*** Opening The input ***
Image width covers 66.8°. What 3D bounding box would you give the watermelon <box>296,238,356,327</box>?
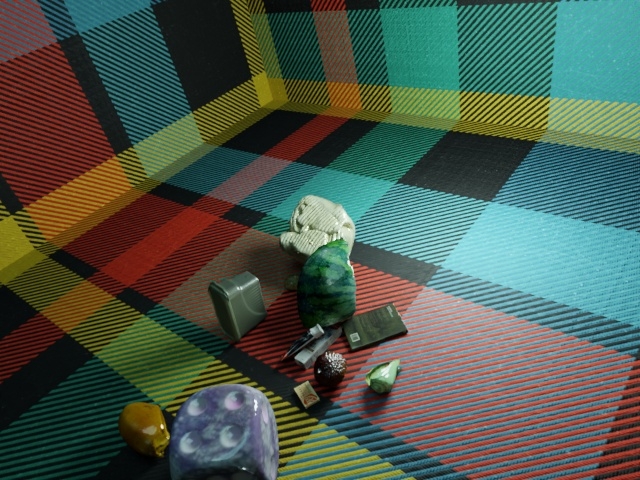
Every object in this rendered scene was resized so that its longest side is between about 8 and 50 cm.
[{"bbox_3d":[0.069,0.168,1.929,0.319,0.292,0.222,-20,12,-33],"label":"watermelon"}]

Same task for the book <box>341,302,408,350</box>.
[{"bbox_3d":[0.207,0.335,1.893,0.228,0.024,0.160,-18,37,-4],"label":"book"}]

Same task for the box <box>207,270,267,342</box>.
[{"bbox_3d":[-0.333,0.256,1.982,0.178,0.274,0.138,-33,41,-33],"label":"box"}]

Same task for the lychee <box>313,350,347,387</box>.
[{"bbox_3d":[0.037,0.453,1.719,0.129,0.123,0.123,-22,36,-25],"label":"lychee"}]

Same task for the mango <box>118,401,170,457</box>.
[{"bbox_3d":[-0.611,0.641,1.682,0.154,0.126,0.252,-28,36,-36],"label":"mango"}]

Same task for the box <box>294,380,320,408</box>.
[{"bbox_3d":[-0.048,0.544,1.711,0.058,0.015,0.093,-24,37,-16],"label":"box"}]

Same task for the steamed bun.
[{"bbox_3d":[0.000,0.000,2.228,0.347,0.237,0.394,-20,56,13],"label":"steamed bun"}]

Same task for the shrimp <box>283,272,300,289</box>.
[{"bbox_3d":[-0.097,0.198,2.169,0.184,0.043,0.091,19,55,46],"label":"shrimp"}]

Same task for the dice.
[{"bbox_3d":[-0.282,0.622,1.471,0.270,0.270,0.271,-11,37,5],"label":"dice"}]

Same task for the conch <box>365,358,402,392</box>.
[{"bbox_3d":[0.217,0.463,1.686,0.106,0.079,0.170,16,30,26],"label":"conch"}]

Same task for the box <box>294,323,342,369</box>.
[{"bbox_3d":[-0.005,0.402,1.863,0.055,0.039,0.218,19,47,40],"label":"box"}]

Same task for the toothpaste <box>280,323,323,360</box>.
[{"bbox_3d":[-0.076,0.392,1.844,0.193,0.045,0.071,-37,3,4],"label":"toothpaste"}]
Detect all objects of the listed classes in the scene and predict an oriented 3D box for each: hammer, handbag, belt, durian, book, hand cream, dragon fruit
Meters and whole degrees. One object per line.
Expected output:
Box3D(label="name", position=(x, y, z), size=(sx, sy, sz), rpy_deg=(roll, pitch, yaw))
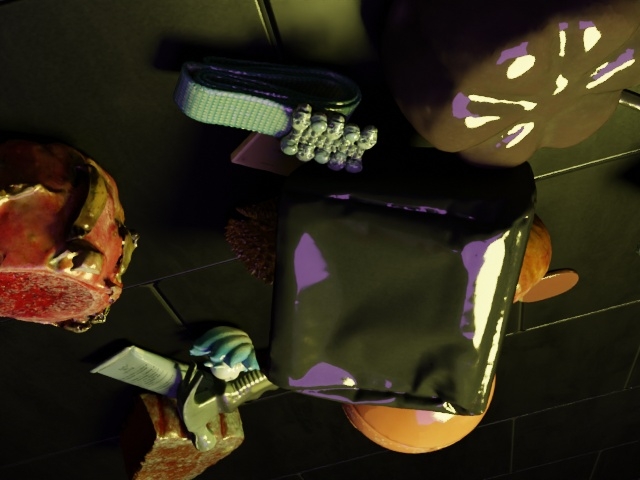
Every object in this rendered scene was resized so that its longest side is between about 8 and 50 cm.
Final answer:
Box3D(label="hammer", position=(-0.112, 0.225, 1.387), size=(0.226, 0.041, 0.159), rpy_deg=(-22, 129, -16))
Box3D(label="handbag", position=(0.073, 0.033, 0.973), size=(0.274, 0.178, 0.302), rpy_deg=(9, 128, 7))
Box3D(label="belt", position=(-0.044, -0.121, 0.831), size=(0.179, 0.100, 0.065), rpy_deg=(3, 142, -22))
Box3D(label="durian", position=(0.000, 0.000, 1.054), size=(0.208, 0.102, 0.146), rpy_deg=(-24, 143, 11))
Box3D(label="book", position=(-0.031, -0.096, 0.958), size=(0.111, 0.014, 0.077), rpy_deg=(12, 141, -37))
Box3D(label="hand cream", position=(-0.227, 0.213, 1.366), size=(0.088, 0.055, 0.256), rpy_deg=(-28, 145, 27))
Box3D(label="dragon fruit", position=(-0.284, 0.010, 0.908), size=(0.211, 0.147, 0.282), rpy_deg=(-28, 146, 23))

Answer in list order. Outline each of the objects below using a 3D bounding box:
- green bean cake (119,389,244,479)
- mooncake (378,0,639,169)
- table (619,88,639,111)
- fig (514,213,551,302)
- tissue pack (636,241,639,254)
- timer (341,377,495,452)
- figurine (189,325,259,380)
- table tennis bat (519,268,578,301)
Box3D(label="green bean cake", position=(-0.258, 0.334, 1.513), size=(0.198, 0.097, 0.232), rpy_deg=(9, 143, -36))
Box3D(label="mooncake", position=(0.181, -0.171, 0.811), size=(0.244, 0.133, 0.245), rpy_deg=(-17, 152, -9))
Box3D(label="table", position=(0.451, -0.154, 0.885), size=(0.249, 0.317, 0.317), rpy_deg=(25, 135, -28))
Box3D(label="fig", position=(0.181, 0.006, 1.101), size=(0.202, 0.148, 0.149), rpy_deg=(26, 108, -9))
Box3D(label="tissue pack", position=(0.572, -0.060, 1.105), size=(0.228, 0.103, 0.315), rpy_deg=(-18, 162, -49))
Box3D(label="timer", position=(0.136, 0.192, 1.304), size=(0.229, 0.230, 0.215), rpy_deg=(-1, 157, -20))
Box3D(label="figurine", position=(-0.142, 0.163, 1.287), size=(0.114, 0.079, 0.114), rpy_deg=(17, -176, -1))
Box3D(label="table tennis bat", position=(0.329, 0.079, 1.405), size=(0.156, 0.013, 0.087), rpy_deg=(-17, 152, 3))
*** Closing The input ***
Report all lines above with "objects".

Detect all objects of the listed classes in the scene and predict an oriented 3D box for each: hammer, handbag, belt, durian, book, hand cream, dragon fruit
Answer in list order. Outline each of the objects below using a 3D bounding box:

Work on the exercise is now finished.